Abandon du projet GNL Québec: rendez à César ce qui appartient à César

Ceux qui connaissent Sylvain Gaudreault savent que c’est un homme de dossiers.

Avant de se prononcer sur un sujet, il prend le temps de bien regarder les différents éléments qui le composent.

Ainsi, quand il s’est prononcé, il y a plusieurs années, sur l’implantation de GNL Québec au Saguenay, il avait pris le temps de bien analyser le dossier, et avait pris position contre ce projet, le considérant comme n’étant pas viable, non seulement d’un point de vue environnemental, mais également d’un point de vue économique. Il avait fait preuve alors de courage politique car, à l’époque, il était presque le seul à tenir ce discours.

Je me souviens de l’avoir entendu à l’époque, en conférence : il nous expliquait que cette approche de l’exploitation des énergies fossiles était dépassée et qu’il fallait, comme région mais également comme société, se tourner vers d’autres formes d’économie.

Et il nous expliquait que c’était payant de le faire. Il parlait entre autres non seulement du projet Elysis, mais également de l’utilisation de la fibre cellulosique comme étant des projets d’avenir tant pour la création d’emplois que pour l’environnement.

Je me souviens d’avoir entendu Patrice Roy le présenter comme le spécialiste de la question environnementale, comme porteur d’avenir économique au Québec.

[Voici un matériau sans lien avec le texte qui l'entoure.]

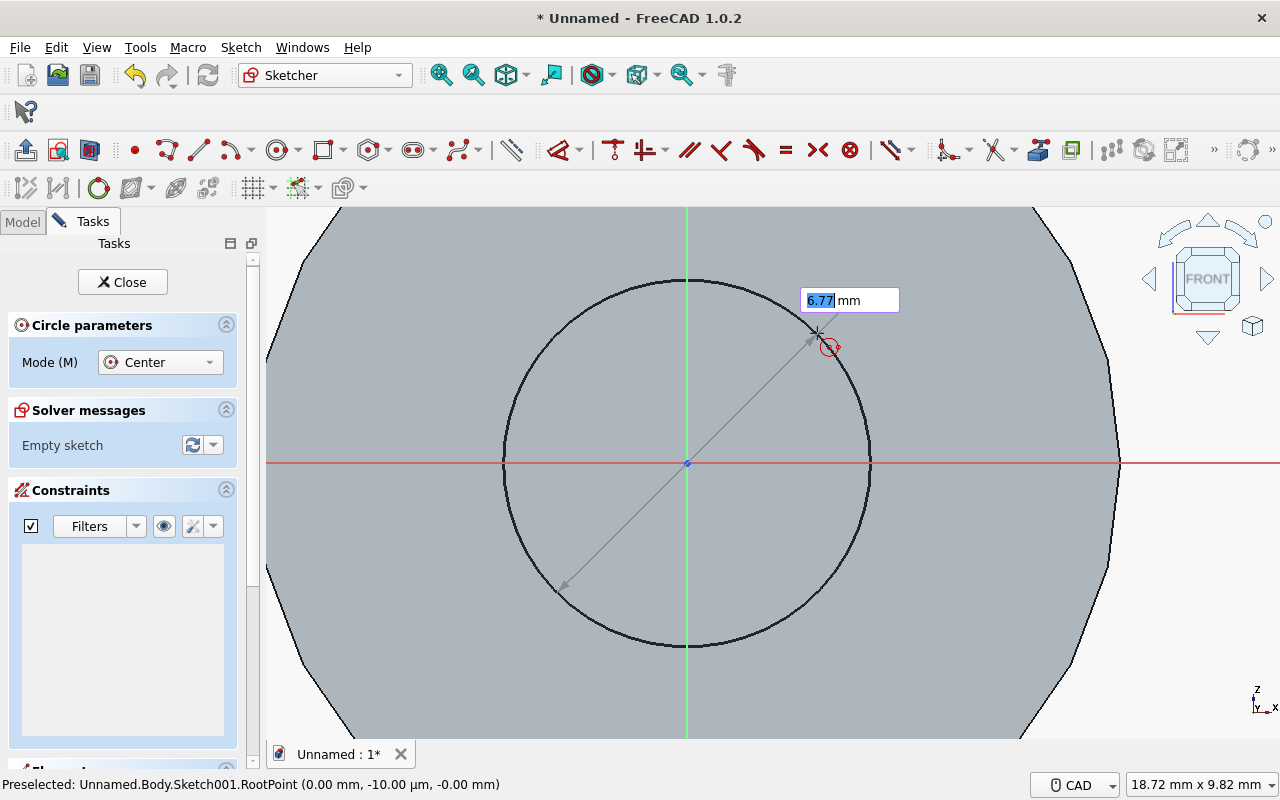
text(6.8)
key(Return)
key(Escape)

Après tout ce temps, force est de reconnaître qu’il avait raison.

Non seulement le gouvernement, après les évaluations du BAPE et du ministère de l’Environnement, mais également les grands investisseurs se sont retirés du projet.

C’est au niveau mondial que l’on reconnaît maintenant cet état de fait, et l’on voit que de grands acteurs économiques le font de plus en plus.

Quand on parle environnement comme il le fait depuis toutes ces années, nous nous rendons compte plus que jamais combien cette question est
vitale, pour la planète et pour les gens qui l’habitent.

Alors, j’aurais envie de dire : rendons à César ce qui appartient à César, et reconnaissons à Sylvain Gaudreault non seulement sa vision d’avenir mais également le travail colossal qu’il a entrepris pour convaincre de l’importance de la question.